Standard treatment with anti-CD20 antibody and cytotoxic chemotherapy improves overall chronic lymphocytic leukemia survival, but is not curative. Novel therapies, including ibrutinib, idelalisib, and ABT-199 also improve survival, but curative potential is likely lacking. Prolonged therapy may be needed, which could be challenging, considering ibrutinib can cost $100,000 USD annually [9].

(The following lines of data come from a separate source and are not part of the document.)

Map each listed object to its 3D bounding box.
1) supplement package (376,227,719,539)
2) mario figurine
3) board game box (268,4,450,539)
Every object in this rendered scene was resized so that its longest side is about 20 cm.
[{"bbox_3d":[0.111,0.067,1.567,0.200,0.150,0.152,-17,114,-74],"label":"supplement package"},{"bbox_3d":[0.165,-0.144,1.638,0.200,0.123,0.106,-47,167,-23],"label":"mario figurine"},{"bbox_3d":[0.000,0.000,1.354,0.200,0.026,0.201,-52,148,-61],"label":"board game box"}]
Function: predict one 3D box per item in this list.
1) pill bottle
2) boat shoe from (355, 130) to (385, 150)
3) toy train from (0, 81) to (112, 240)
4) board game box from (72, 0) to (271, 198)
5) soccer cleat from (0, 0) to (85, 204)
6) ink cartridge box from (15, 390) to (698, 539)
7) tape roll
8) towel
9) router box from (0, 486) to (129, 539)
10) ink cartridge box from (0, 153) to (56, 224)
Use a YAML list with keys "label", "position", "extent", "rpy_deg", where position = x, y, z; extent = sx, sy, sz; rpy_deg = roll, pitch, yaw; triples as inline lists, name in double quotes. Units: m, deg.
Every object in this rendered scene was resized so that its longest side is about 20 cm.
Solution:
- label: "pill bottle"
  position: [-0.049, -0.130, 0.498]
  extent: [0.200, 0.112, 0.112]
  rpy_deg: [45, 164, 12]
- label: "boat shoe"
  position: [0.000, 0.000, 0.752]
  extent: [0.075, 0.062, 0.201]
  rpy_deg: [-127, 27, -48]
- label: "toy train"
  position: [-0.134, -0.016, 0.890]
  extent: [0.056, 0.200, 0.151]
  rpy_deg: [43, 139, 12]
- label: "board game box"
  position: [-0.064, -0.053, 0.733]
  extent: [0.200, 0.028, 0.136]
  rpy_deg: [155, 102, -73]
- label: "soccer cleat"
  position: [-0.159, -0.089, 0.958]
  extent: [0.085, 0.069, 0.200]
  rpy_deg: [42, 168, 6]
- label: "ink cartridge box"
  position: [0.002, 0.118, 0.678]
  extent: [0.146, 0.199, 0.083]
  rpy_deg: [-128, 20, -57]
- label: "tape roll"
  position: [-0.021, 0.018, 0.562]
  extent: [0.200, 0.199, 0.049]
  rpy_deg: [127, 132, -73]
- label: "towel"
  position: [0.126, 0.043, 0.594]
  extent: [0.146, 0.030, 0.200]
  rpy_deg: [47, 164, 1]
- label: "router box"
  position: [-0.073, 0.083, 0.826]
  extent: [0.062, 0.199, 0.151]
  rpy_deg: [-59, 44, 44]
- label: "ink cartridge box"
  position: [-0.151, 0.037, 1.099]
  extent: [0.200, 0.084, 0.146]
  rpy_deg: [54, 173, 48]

Hematopoietic stem cell transplant (HSCT) does offer a cure to some patients with chronic lymphocytic leukemia, with 45% remaining disease-free for five years. However, HSCT is appropriate only in high-risk chronic lymphocytic leukemia, because treatment-related mortality approaches 30% at two years. Additionally, chronic graft-versus-host disease decreases the quality of life in 25% of HSCT survivors [9]. Finally, costs related to HSCT typically exceed $80,000 USD in the first year after transplantation [10].

Conclusions

Standard therapy for chronic lymphocytic leukemia fails to provide a cure. Novel targeted therapies are neither curative nor financially accessible for many patients. The safety risks of HSCT, the only conventional curative procedure, limit this option to a minority of patients. Therefore, the exceptional response of one chronic lymphocytic leukemia patient while taking epigallocatechin-3-gallate suggests that this botanical extract may offer a safe, inexpensive, and effective treatment for some patients, and that it should be vigorously investigated.